Q: What kinds of “insights” have you been able to uncover with clients?
DC: So far, we’ve looked at IoT through a lens of consumer products. This focus has led us to uncover interesting utilization patterns. Our customers have invested heavily into engineering product features development but what we find is that in many instances customers lock into a small subset and use them habitually. The good news is that the utilized features are often fairly unique per customer, so few features are truly going to waste. This also represents an opportunity for our clients to develop outreach programs for better product education.
While product and engineering research is important, this can also translate into savings for the customer as well. Depending on where they live, they might be able to save money on their electrical bill by using appliances at specific points in the day. Likewise, business experts may be able to help clients use their devices in ways to save them money.
We’re also identifying frustration events in the data, typically where we’re observing “jamming patterns” where particular buttons are pressed obsessively over a short period of time. Likewise, we’re working to identify how sensory signals can be utilized to predict device failure, enabling a potentially interventionist strategy.
Q: What do you see as some of the most exciting developments in IoT so far?
DC: Overall, I’m excited to see many consumer durables and home goods entering the IoT breech. There are many gains to be made from power and environmental savings as well as safety by having such appliances monitored.
IoT has significant potential in fitness and health. EMR systems are largely incidence based—they track information when a patient has a problem, but fitness devices offer an opportunity for broadening an otherwise sparse dataset by quantifying fitness before a health incidence occurs.
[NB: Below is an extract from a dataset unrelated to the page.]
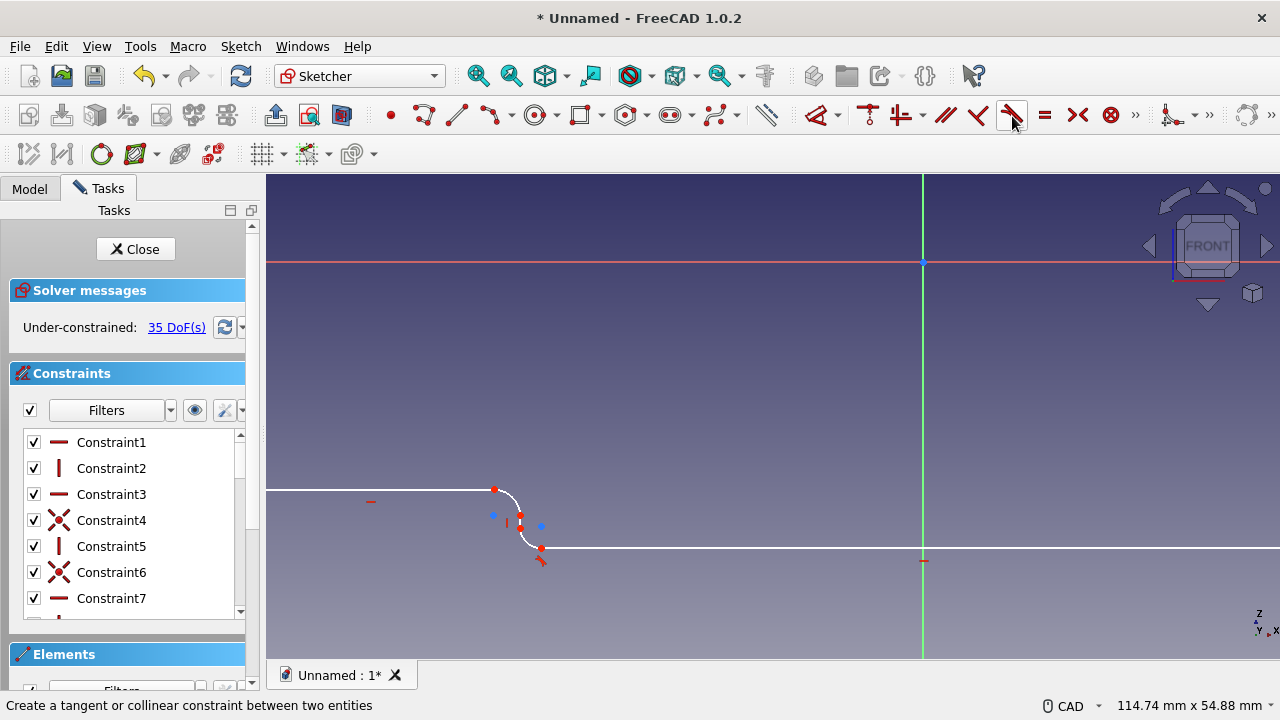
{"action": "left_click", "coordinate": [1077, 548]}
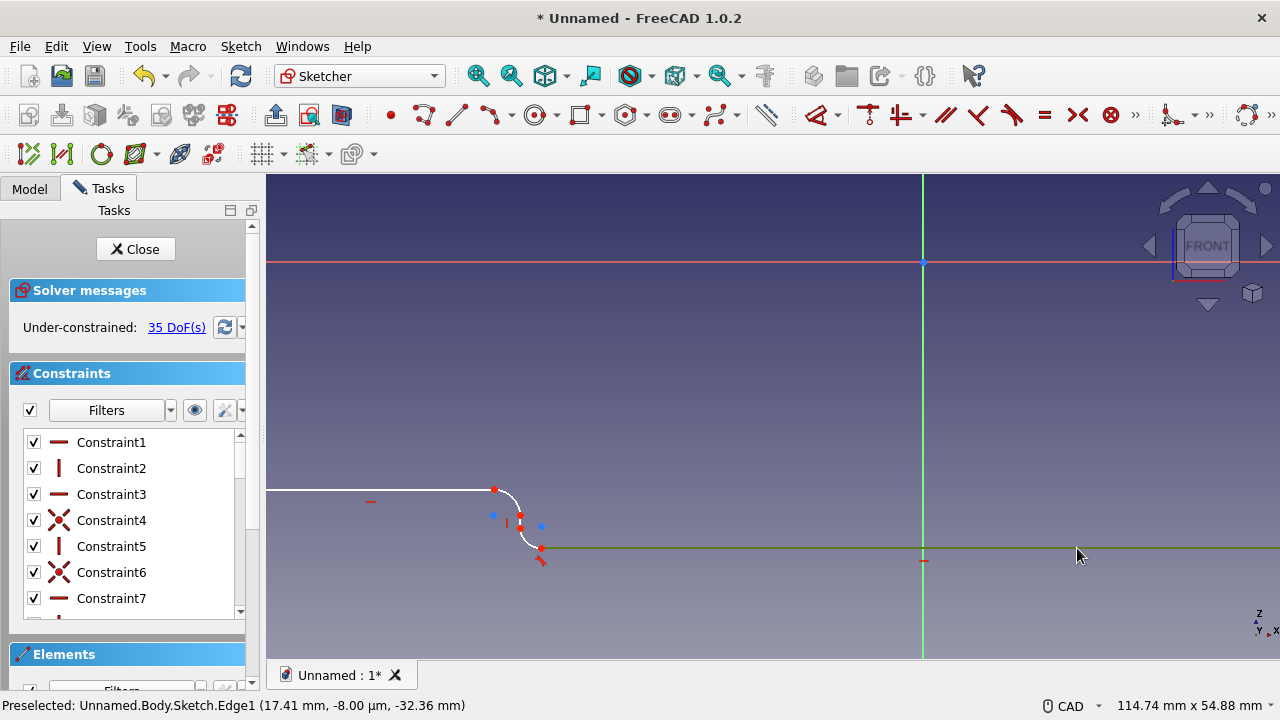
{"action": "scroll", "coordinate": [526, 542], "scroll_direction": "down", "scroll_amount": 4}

There are significant opportunities for IoT within critical infrastructure pieces for our country and the world. Public transportation such as trains and planes stand to benefit from superior safety monitoring. Better monitoring can lead to alterations in operating policies which can also lead to better energy efficiencies. There are tremendous benefits within agriculture as well—farmers can now do a better job of tracking their crop “in flight,” meaning critical growth is at reduced risk for failure. These are only some of the ways that IoT technologies are being applied today.
Q: Where do you see this field going in the future?
DC: IoT is also a useful testbed for a broad class of robotics. Never before have we been able to collect so much data on behavior and activities at such a micro-level. Many of the biggest informatic developments of the last 20 years have been bootstrapped by creating data collection and tagging schemas, such as video and audio signal processing. In turn, collecting such voluminous data will enable robotics research to develop even better understandings of human interactions and activity, and allow them to make significant gains in this area over the next 20 years. Another rising area is Population Health, where we will develop better understandings of the influx of patients into particular healthcare facilities and practices.